In the present study, a sample of postmenopausal women from Southern Brazil presenting no evidence of clinical disease was stratified according to the presence or absence of low-grade inflammation as a non-conventional marker for cardiovascular risk. Those with hs-CRP levels < 3 mg/L had better anthropometric, metabolic, and hormonal profiles than women with hs-CRP levels ≥3 mg/L. Sedentary lifestyle and high-carbohydrate dietary intake were associated with central adiposity and metabolic syndrome, and contributed to low-grade chronic inflammation and risk of CVD in this sample, even after adjustment for potential confounders, including age and duration of menopause.

We observed an association between hs-CRP, body fat, and WC. These results corroborate data described in previous studies.[6] [24] In fact, adipocyte hypertrophy can cause hypoxia, stimulating the activation of intracellular NF-κB, which plays a key role in regulating immune response and induces production of tumor necrosis factor-α (TNF-α) and interleukins (IL) and, consequently, an increase in hs-CRP.[20] [24] This is the possible mechanism for increased levels of hs-CRP and inflammatory cytokines, such as IL-6 and TNF-α, among obese individuals, and may explain why these increases correlate positively with BMI.[25]

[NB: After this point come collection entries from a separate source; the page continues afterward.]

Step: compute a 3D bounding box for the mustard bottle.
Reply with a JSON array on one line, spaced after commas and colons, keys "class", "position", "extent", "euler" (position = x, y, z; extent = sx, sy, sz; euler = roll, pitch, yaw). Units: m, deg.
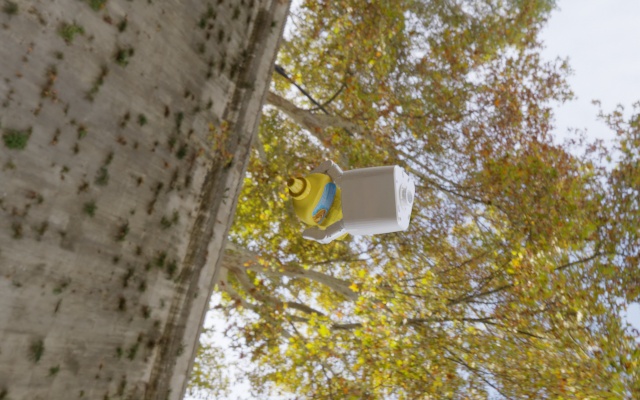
[{"class": "mustard bottle", "position": [0.000, 0.003, 0.896], "extent": [0.058, 0.096, 0.192], "euler": [21, -8, 39]}]
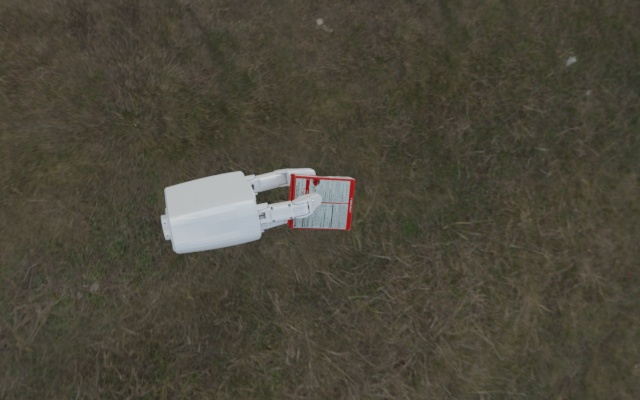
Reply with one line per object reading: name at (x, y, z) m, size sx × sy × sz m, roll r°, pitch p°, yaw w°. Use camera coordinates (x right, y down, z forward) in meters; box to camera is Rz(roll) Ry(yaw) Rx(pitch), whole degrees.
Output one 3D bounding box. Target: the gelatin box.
gelatin box at (0.001, 0.002, 0.664) m, size 0.089 × 0.073 × 0.030 m, roll 3°, pitch 10°, yaw -13°
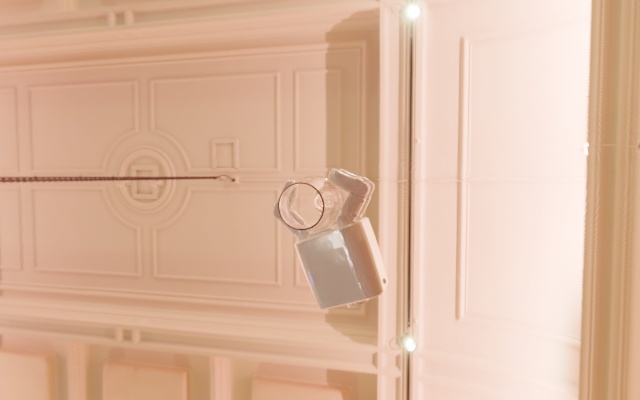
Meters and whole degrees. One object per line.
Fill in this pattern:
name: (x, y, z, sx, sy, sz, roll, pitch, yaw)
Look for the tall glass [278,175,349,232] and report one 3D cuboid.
tall glass: (0.000, 0.002, 0.701, 0.079, 0.079, 0.201, 0, 3, 15)
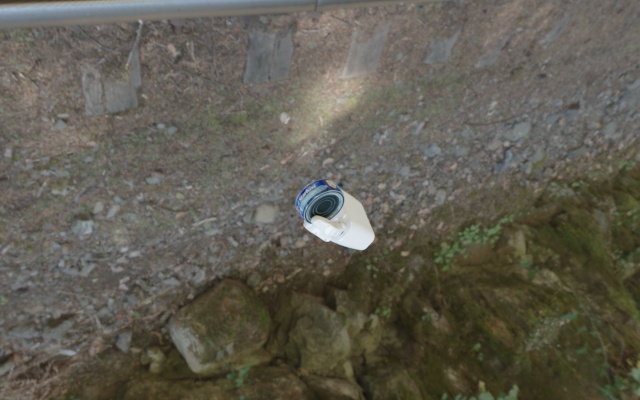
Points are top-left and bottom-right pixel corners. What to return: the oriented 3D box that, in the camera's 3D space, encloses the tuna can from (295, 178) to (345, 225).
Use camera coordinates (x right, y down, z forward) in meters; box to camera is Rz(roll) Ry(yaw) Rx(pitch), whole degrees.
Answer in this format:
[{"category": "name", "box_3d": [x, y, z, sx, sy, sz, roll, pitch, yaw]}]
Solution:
[{"category": "tuna can", "box_3d": [0.000, 0.003, 0.856, 0.086, 0.086, 0.033, 0, 41, -38]}]
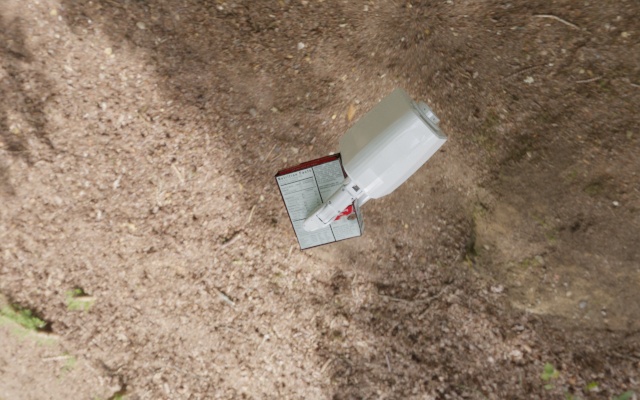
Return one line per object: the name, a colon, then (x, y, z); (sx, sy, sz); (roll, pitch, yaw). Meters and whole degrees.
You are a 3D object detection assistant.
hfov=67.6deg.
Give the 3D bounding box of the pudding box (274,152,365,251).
pudding box: (0.000, 0.002, 0.628); (0.090, 0.113, 0.039); (-14, 16, 12)

Studies with postmenopausal women have also shown an increased prevalence of insulin resistance, which is related to an adverse profile of weight and body fat distribution.[11] [26] [27] In the present study, beyond higher circulating concentrations of glucose and insulin, as well as HOMA-IR, we found a higher LAP index in women with hs-CRP ≥3 mg/L. These data extend previous results obtained by our research group, in which postmenopausal women stratified by LAP > 34.5 also had higher levels of hs-CRP, suggesting an increased risk of cardiovascular disease.[14]

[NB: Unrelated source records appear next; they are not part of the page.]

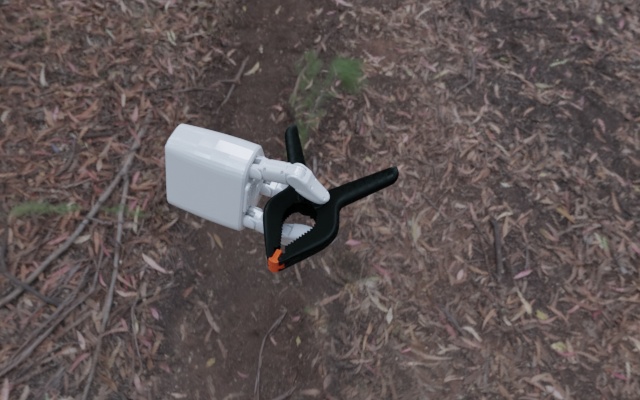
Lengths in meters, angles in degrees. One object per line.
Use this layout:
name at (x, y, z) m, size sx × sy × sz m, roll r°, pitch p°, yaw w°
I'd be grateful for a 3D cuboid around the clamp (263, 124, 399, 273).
clamp at (0.000, 0.002, 0.595) m, size 0.164 × 0.210 × 0.036 m, roll 18°, pitch -33°, yaw 8°
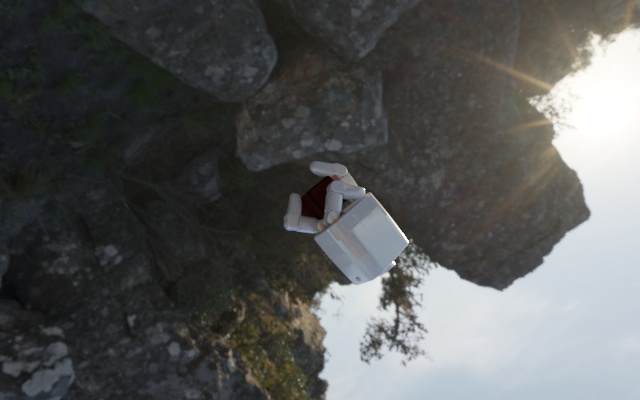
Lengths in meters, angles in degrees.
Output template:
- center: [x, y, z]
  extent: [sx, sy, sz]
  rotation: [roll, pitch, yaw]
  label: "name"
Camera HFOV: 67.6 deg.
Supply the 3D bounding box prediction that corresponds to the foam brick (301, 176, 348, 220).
- center: [0.000, 0.003, 0.794]
  extent: [0.053, 0.051, 0.078]
  rotation: [-39, -1, -23]
  label: "foam brick"
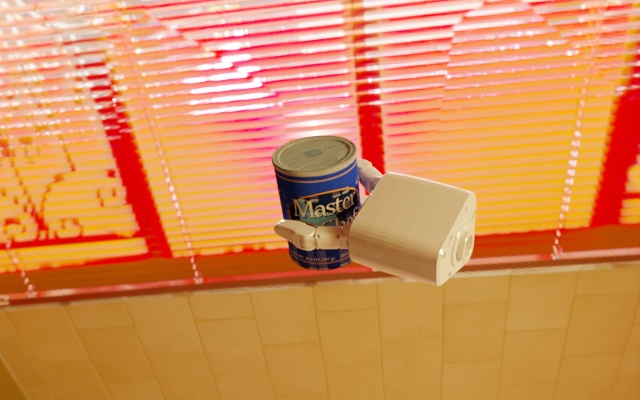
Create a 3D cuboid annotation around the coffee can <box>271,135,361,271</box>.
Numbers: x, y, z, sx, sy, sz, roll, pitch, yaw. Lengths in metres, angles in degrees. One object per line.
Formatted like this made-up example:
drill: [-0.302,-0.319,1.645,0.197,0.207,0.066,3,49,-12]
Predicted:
coffee can: [0.000,0.002,0.602,0.103,0.140,0.102,-6,30,3]
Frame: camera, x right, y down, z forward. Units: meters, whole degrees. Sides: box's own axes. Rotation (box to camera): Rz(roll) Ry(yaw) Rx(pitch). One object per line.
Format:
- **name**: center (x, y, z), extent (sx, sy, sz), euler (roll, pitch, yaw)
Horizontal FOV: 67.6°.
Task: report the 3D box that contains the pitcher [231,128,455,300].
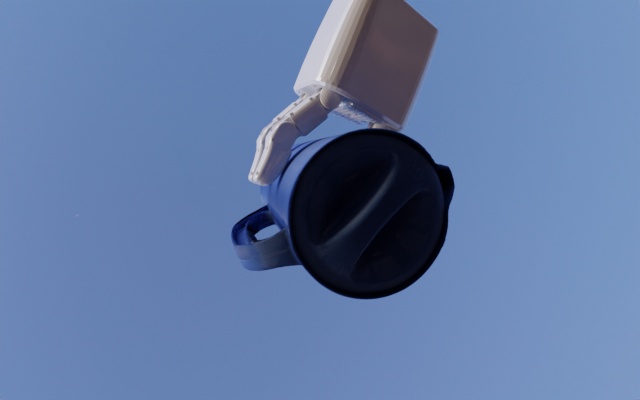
- **pitcher**: center (0.000, 0.001, 0.471), extent (0.149, 0.145, 0.243), euler (23, 0, -17)
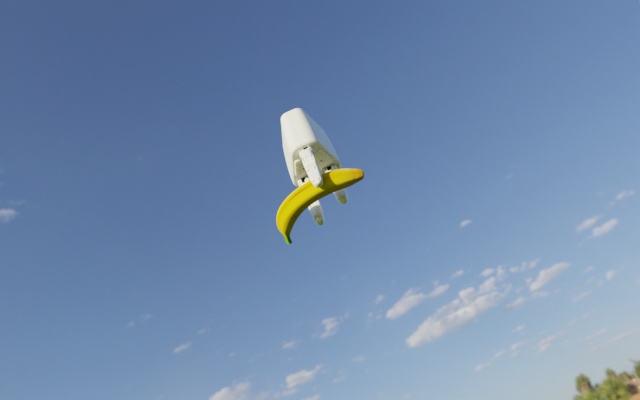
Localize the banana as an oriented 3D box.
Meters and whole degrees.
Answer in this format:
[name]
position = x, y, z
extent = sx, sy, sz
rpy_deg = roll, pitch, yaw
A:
[banana]
position = -0.015, -0.003, 0.837
extent = 0.198, 0.037, 0.070
rpy_deg = -41, -49, 20
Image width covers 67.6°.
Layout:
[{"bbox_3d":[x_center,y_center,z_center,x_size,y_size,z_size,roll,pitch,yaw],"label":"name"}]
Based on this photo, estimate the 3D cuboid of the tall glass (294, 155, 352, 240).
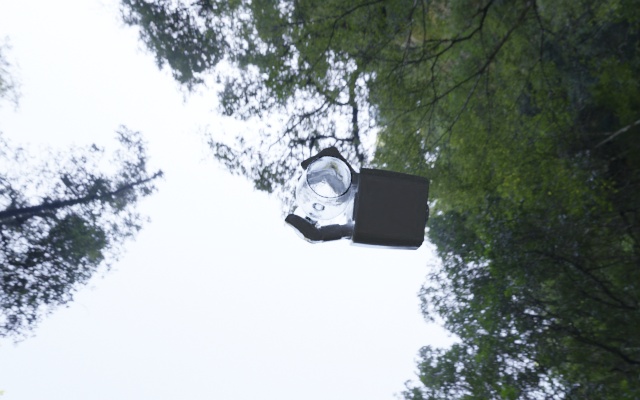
[{"bbox_3d":[0.000,0.003,0.719,0.079,0.079,0.201,0,-20,-7],"label":"tall glass"}]
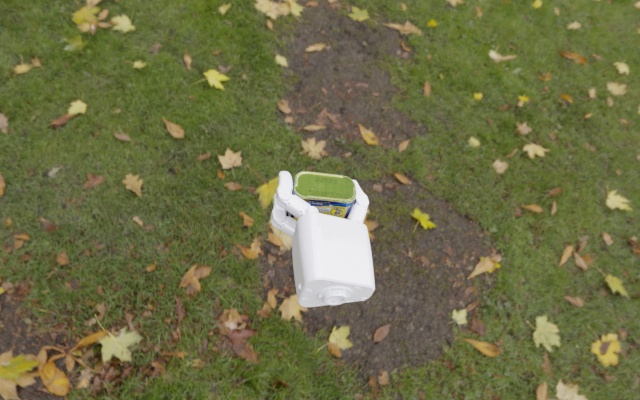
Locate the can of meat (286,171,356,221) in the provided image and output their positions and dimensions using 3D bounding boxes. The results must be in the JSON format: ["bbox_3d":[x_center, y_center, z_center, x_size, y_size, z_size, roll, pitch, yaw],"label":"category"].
[{"bbox_3d":[0.000,0.002,0.755,0.102,0.057,0.084,5,-37,-9],"label":"can of meat"}]
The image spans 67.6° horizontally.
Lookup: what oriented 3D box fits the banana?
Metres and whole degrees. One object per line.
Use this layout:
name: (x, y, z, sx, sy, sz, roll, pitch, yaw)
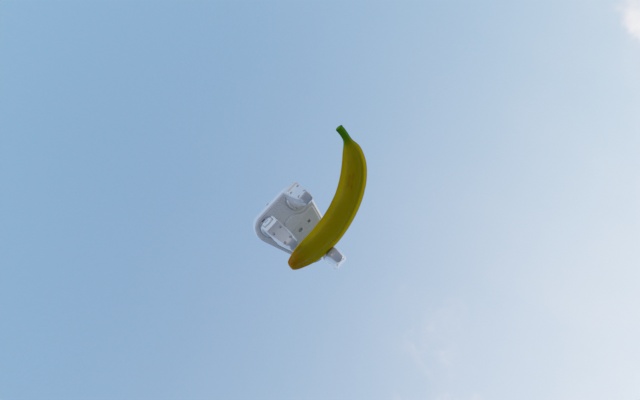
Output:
banana: (0.018, 0.005, 0.633, 0.069, 0.198, 0.037, 20, -2, -13)

Regarding lipoprotein metabolism, we observed an association of hs-CRP ≥3 mg/L with lower HDL-c and higher TG levels, but not with total cholesterol and LDL-c levels. These changes may be related to insulin resistance, which was more prevalent in the hs-CRP ≥3 mg/L group. A similar result was observed by Moreto et al,[28] who reported higher levels of HDL-c and lower levels of TG in Brazilian adults with hs-CRP < 3 mg/L in comparison to adults with hs-CRP > 3 mg/L.

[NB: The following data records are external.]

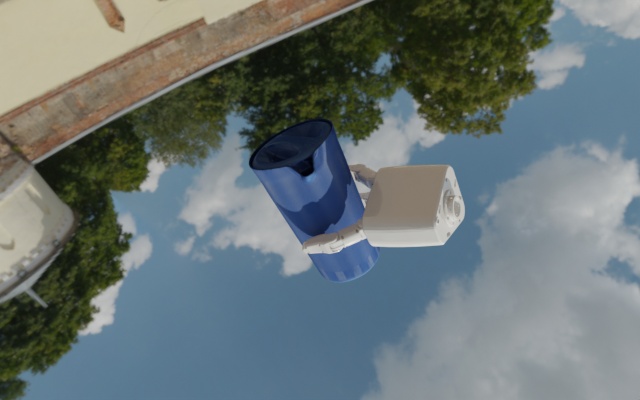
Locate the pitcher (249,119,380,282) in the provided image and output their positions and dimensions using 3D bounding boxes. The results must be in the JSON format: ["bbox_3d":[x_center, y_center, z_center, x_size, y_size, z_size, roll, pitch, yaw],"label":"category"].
[{"bbox_3d":[0.000,0.002,0.744,0.145,0.243,0.149,-4,36,35],"label":"pitcher"}]
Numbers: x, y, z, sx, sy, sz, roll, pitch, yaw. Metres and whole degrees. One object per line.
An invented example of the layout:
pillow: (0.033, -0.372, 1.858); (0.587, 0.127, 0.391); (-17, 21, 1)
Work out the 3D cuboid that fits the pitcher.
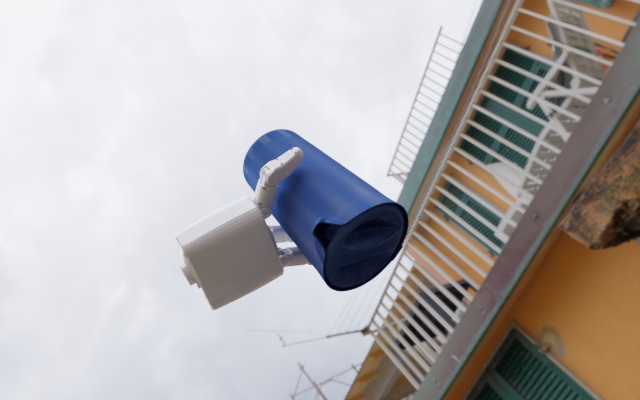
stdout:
pitcher: (0.000, 0.002, 0.660); (0.145, 0.149, 0.242); (-28, 47, -21)
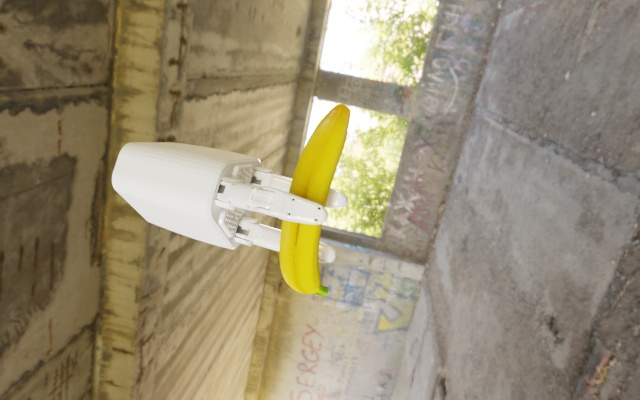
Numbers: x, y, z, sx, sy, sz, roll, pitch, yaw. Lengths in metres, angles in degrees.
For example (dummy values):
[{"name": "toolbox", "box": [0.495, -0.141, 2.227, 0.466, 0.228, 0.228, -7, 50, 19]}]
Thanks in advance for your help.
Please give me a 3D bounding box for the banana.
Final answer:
[{"name": "banana", "box": [-0.008, 0.009, 0.448, 0.037, 0.198, 0.069, 15, 18, 21]}]
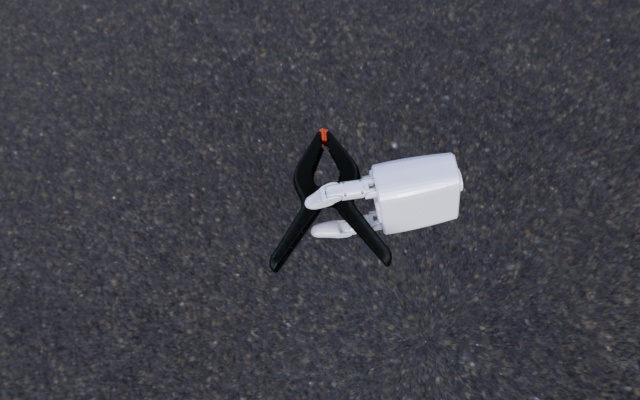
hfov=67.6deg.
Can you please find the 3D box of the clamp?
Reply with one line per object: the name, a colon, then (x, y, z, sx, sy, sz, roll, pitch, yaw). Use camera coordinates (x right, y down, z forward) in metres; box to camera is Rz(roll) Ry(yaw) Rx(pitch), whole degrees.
clamp: (0.000, 0.001, 0.666, 0.164, 0.210, 0.036, -10, -18, 3)
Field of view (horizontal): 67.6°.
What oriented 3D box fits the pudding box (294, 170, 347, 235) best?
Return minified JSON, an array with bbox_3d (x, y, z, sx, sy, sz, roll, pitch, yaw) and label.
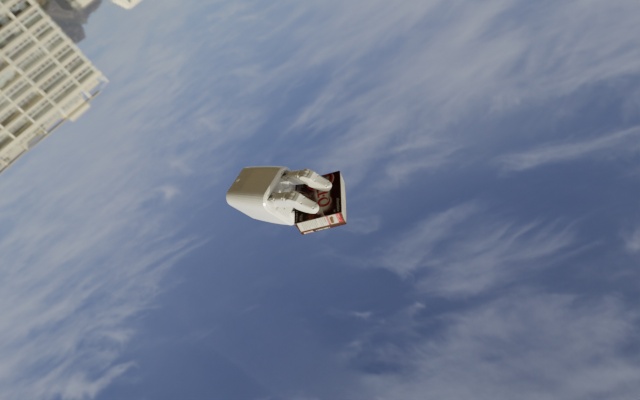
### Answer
[{"bbox_3d":[0.000,0.003,0.877,0.090,0.113,0.039,-15,-45,14],"label":"pudding box"}]
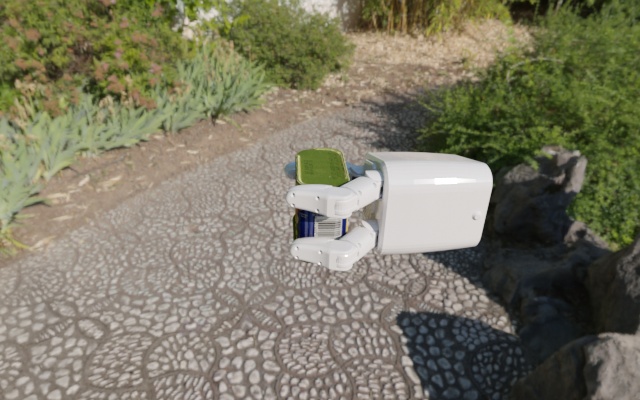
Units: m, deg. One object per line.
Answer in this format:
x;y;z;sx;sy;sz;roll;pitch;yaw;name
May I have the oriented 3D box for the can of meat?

Being physically active (in this study, defined as walking ≥6 thousand steps per day) was inversely associated with hs-CRP levels, confirming the results of studies with younger[29] or obese women populations[30] that also reported an inverse relationship between inflammation and physical activity. The mechanisms involved with the beneficial effect of exercise seem to be related to the cytokines produced by muscle cells, which could exert a protecting role against chronic diseases associated with low-grade inflammation, including improvement on endothelial function and nitric oxide synthesis.[31]

In the present study, while no difference in total energy intake was found between groups, women with hs-CRP levels ≥3 mg/L consumed more carbohydrates and had a higher GL. Carbohydrate is the main dietary component affecting insulin secretion and postprandial glycemia.[8] High-GL diets are associated with compensatory hyperinsulinemia, lipid metabolic disorders, and they induce inflammation owing to excess cellular glucose concentrations.[32] [33] [34] A meta-analysis with observational studies shows that low-GL diets are independently associated with a reduced risk of chronic diseases, and supports the hypothesis that higher postprandial glycaemia is a universal mechanism for disease progression.

In turn, in our study, participants with hs-CRP levels ≥3 mg/L consumed a diet that was slightly lower in protein. Hu (2005)[35] suggests that there is a potential beneficial effect of replacing high-GI refined carbohydrates with protein to reduce cardiovascular risk.[35]

The strengths of our study include providing data from postmenopausal women with no evidence of clinical diseases. The limitation of the study is that, because of its design, we could not establish whether a causal relationship exists between dietary patterns – specifically, a higher intake of carbohydrates and a higher GL – and higher risk of CVD in postmenopausal women. Thus, further longitudinal studies or randomized clinical trials are needed to test this hypothesis.

In conclusion, in this sample of postmenopausal women, hs-CRP levels <3 mg/L were associated with better anthropometric, metabolic, and hormonal profiles, and a lower prevalence of the metabolic syndrome than hs-CRP levels ≥3 mg/L. Sedentary lifestyle and carbohydrate intake accounting for more than 55% of total energy intake were associated with higher body fat percentage and larger WC, as well as a higher odds ratio for cardiovascular risk, as stratified by hs-CRP ≥3 mg/L.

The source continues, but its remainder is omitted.